I'm trying to remember the last thing I actually bought and gave to a theatre I worked at. At the most, I give a few pieces of tape, but that's because I love 2" chartreuse gaffa and most places don't keep it/don't have time to go get it for me, and since I haven't finished my current roll in over a year, not a big deal. 

But as for lamps, gel, tools, etc, I won't buy it unless I know I'm getting paid back. SAVE every receipt, most places NEED proof of what you spent, not "oh yea I spent some $$$ pay me back". 


My general rule of thumb:

Community theatre: Might buy/donate gel, el cheapo hand tools, etc, depends on needs and how they treat me. 

Educational Theatre: Not buying you a thing, you already take my money

Not-for-Profit: Depending on size, might treat the same as community theatre or might treat as-

For-Profit Theatre: Again, not giving you anything. If I buy you something, you are paying me back every penny. 

Yes I bring and use my own tools, I like to have what I need to let me do my job and not rely on a place to have what I need. As Van and Footer have said, they are under my own lock and key and used by me, and unless here at school, come home with me every night.


----------



## Anonymous067 (Feb 1, 2010)

gafftapegreenia said:


> I'm trying to remember the last thing I actually bought and gave to a theatre I worked at. At the most, I give a few pieces of tape, but that's because I love 2" chartreuse gaffa and most places don't keep it/don't have time to go get it for me, and since I haven't finished my current roll in over a year, not a big deal.
> 
> But as for lamps, gel, tools, etc, I won't buy it unless I know I'm getting paid back. SAVE every receipt, most places NEED proof of what you spent, not "oh yea I spent some $$$ pay me back".
> 
> ...



I never considered the "you already take my money" concept. I like it though.
I only leave my sound gear at the facility when I have an exclusive reservation and I have signed the "the school takes full responsibility for any damages". Even then, my extra stuff that isn't plugged in somewhere, mics, and anything else I can gets AT A MINIMUM brought back outside into my vehicle.
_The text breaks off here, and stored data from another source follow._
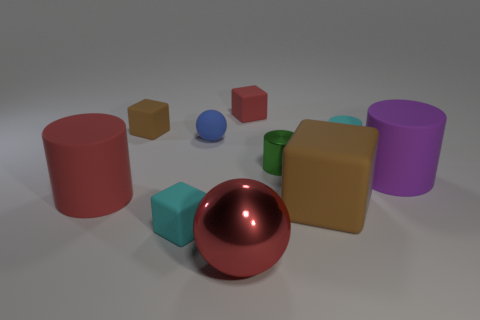There is a big block; is its color the same as the tiny matte object that is on the left side of the tiny cyan block?
Offer a very short reply. Yes. Does the green cylinder have the same material as the tiny cyan cube that is in front of the red rubber cylinder?
Make the answer very short. No. There is a green thing that is the same shape as the purple object; what material is it?
Provide a succinct answer. Metal. There is a red object that is to the right of the blue rubber sphere and in front of the small cyan rubber cylinder; what is its material?
Provide a succinct answer. Metal. There is a purple matte object; is it the same size as the brown matte block that is left of the red rubber cube?
Provide a short and direct response. No. Are there an equal number of tiny matte cubes that are to the left of the small metallic cylinder and large purple matte things on the right side of the tiny red cube?
Ensure brevity in your answer.  No. There is a big matte object that is the same color as the large metal sphere; what shape is it?
Your response must be concise. Cylinder. What is the material of the red thing in front of the cyan cube?
Provide a succinct answer. Metal. Do the cyan block and the purple object have the same size?
Offer a terse response. No. Are there more cyan objects that are right of the small shiny cylinder than gray matte spheres?
Keep it short and to the point. Yes.

I'm gonna end up buying the batteries, but they will NOT go into mics until I see my money.


----------



## LightingMike (Feb 2, 2010)

I agree, buy nothing. I bring my own tools but they stay with me and I take them home with me everyday. I agree that you should have all the tools that you need to do your job, it's part of being a professional. 

I have at times use some spike tape or gafe tape, of my own. But I keep a close eye on everything, and I everyone I work for knows that if I have to use my own supplies they will be billed for the full cost of them as well as my time to go get them. It's only fair, if you worked in hospital you would not bring your own bandages and use them at work.


----------



## kiwitechgirl (Feb 3, 2010)

Spending my own money on shows goes as far as buying consumable props for the show, for which I get reimbursed (provided I keep the receipt!). Anything else, no way - if we need it that much, the company can pay for it. I have my own tools, but they stay with me (I don't carry enough tools to make it ridiculously heavy), but we have a pretty well-equipped tool cupboard so I don't generally even have to take my own tools in to work anyway - just a crescent wrench if I'm rigging.


----------



## Eboy87 (Feb 12, 2010)

Max Bialystock: The two cardinal rules of producing. One: Never put your own money in the show. 
Leo Bloom: And two? 
Max Bialystock: [yelling] Never put your own money in the show! 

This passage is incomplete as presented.